■ Your task:
Leaving out all pictures, write out word for word the lines from the one containing "Instruction: Locate the" to the end of the data below.

■ Records supplied:

****************************************

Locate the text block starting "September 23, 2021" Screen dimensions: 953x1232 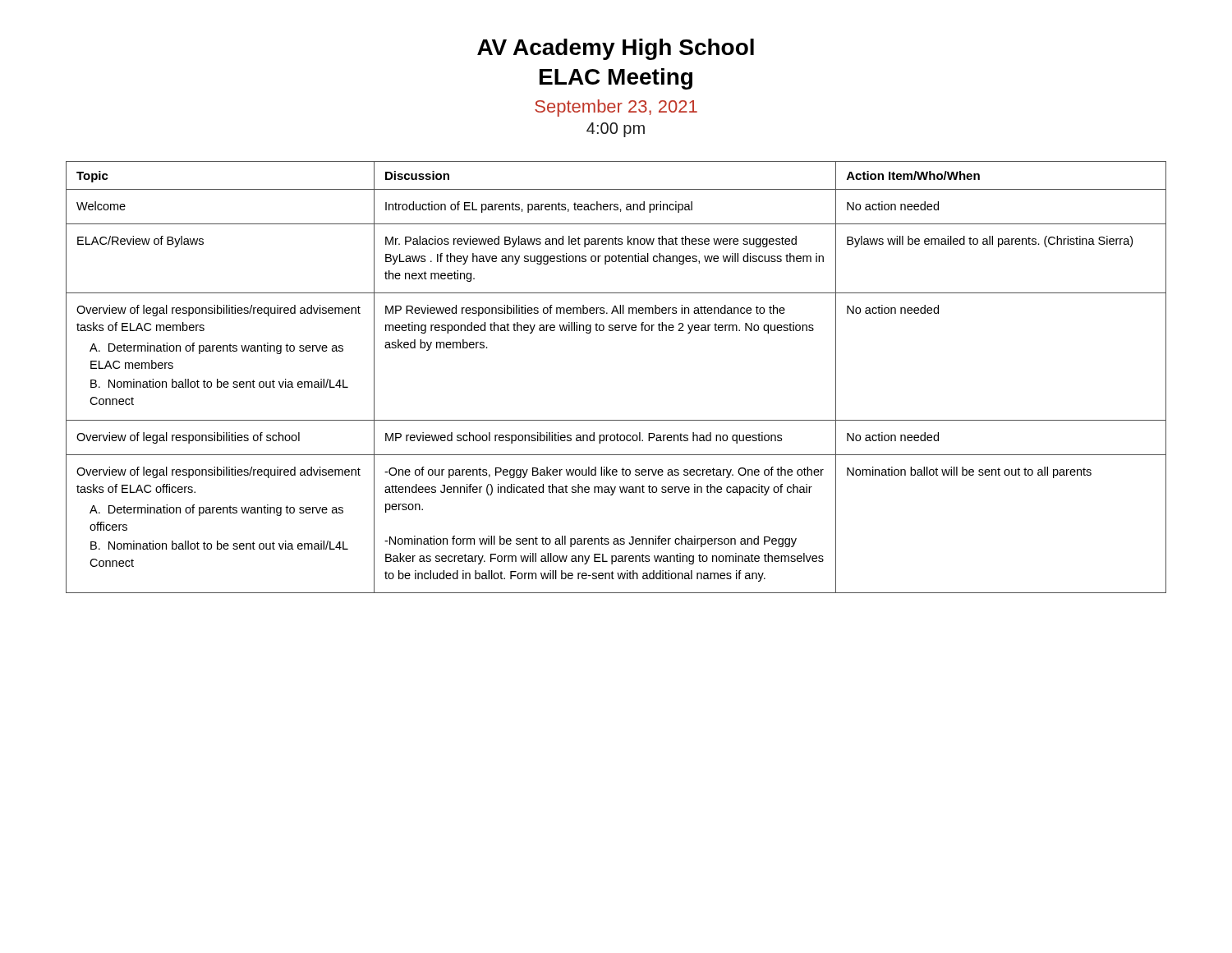coord(616,107)
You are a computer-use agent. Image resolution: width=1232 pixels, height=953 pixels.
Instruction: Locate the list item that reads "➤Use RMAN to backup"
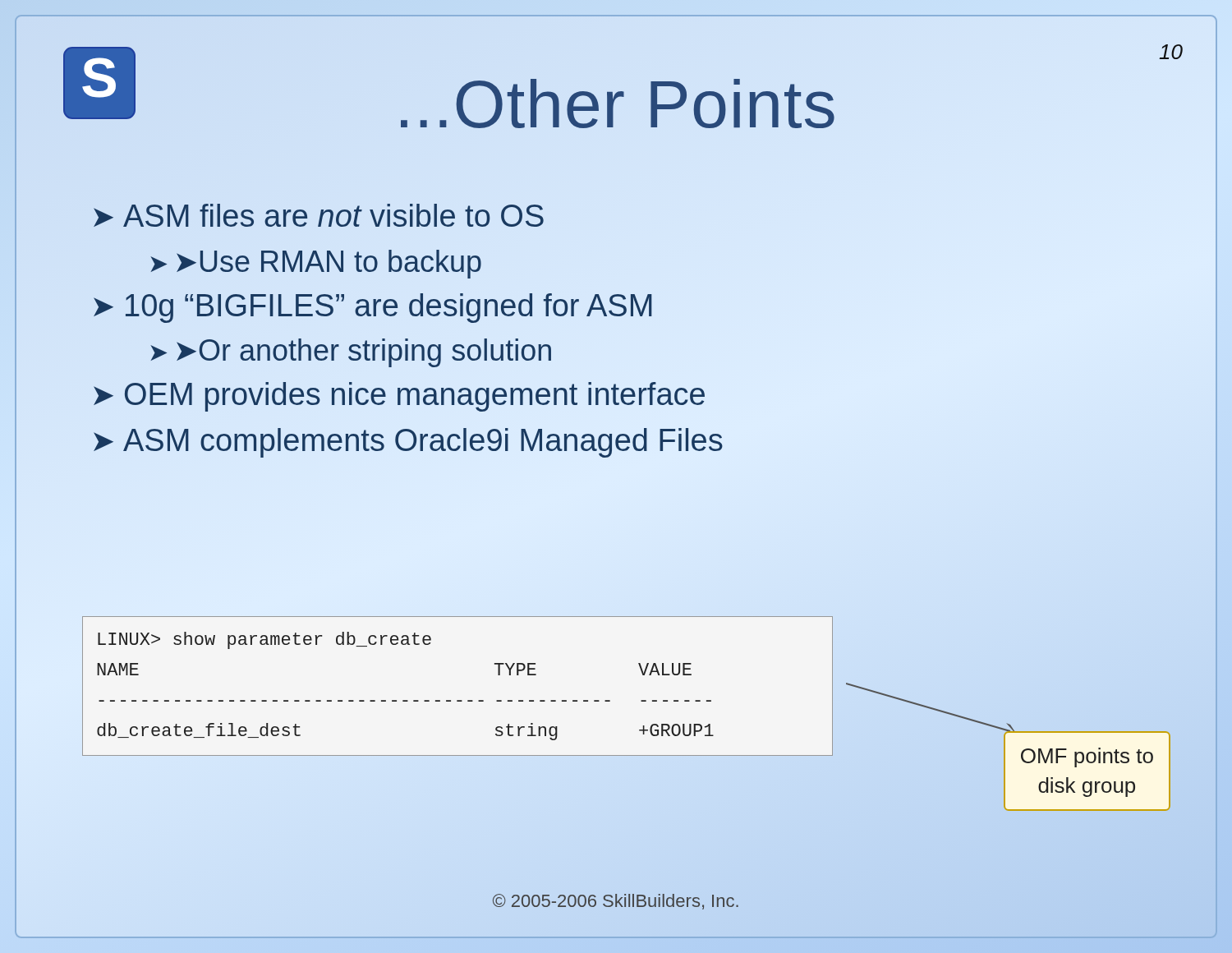coord(315,261)
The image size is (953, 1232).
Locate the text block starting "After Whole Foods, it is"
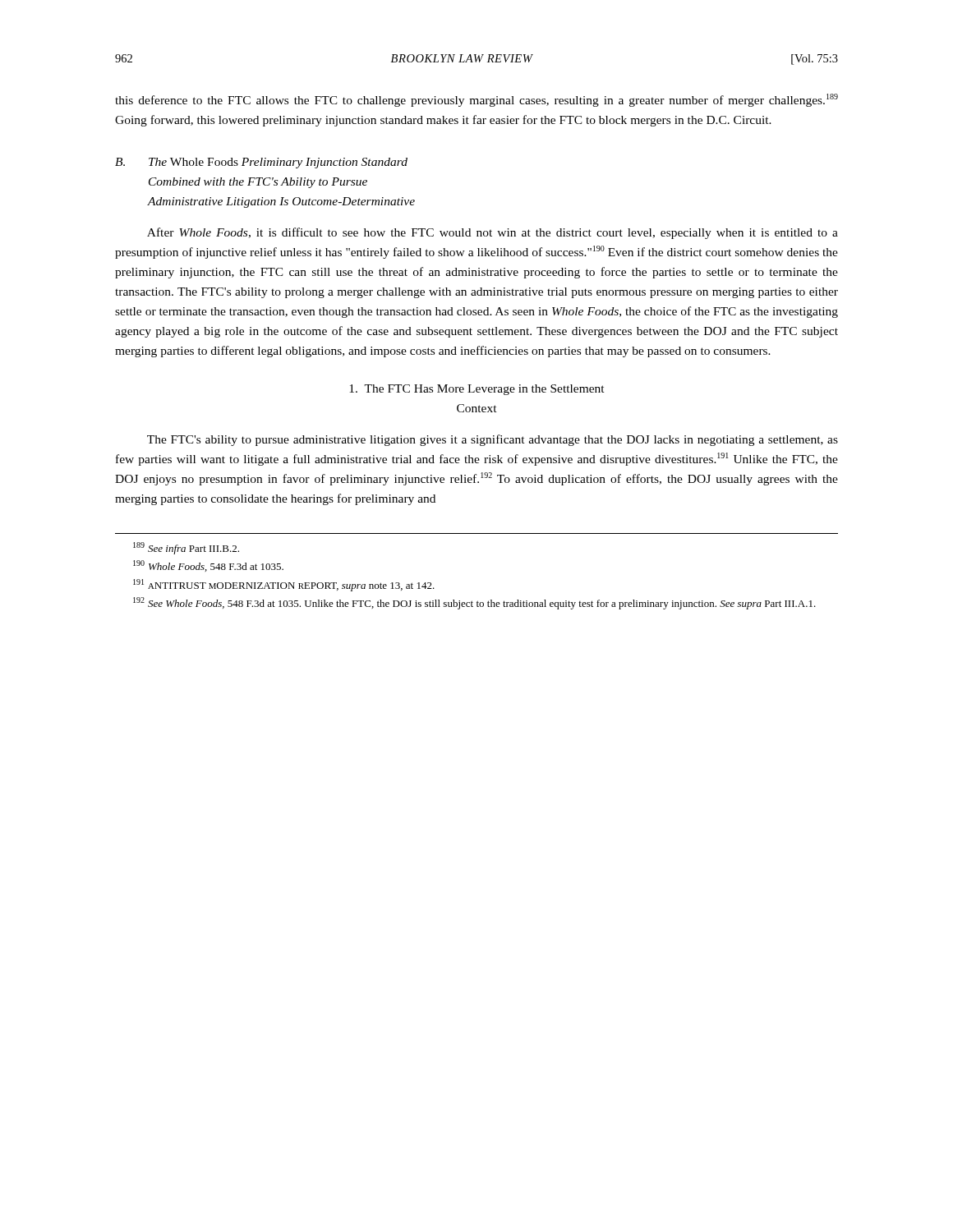point(476,291)

****************************************

■ Worked solution:
Instruction: Locate the list item that reads "➤Use RMAN to backup"
coord(315,261)
The image size is (953, 1232).
Locate the text block starting "After Whole Foods, it is"
point(476,291)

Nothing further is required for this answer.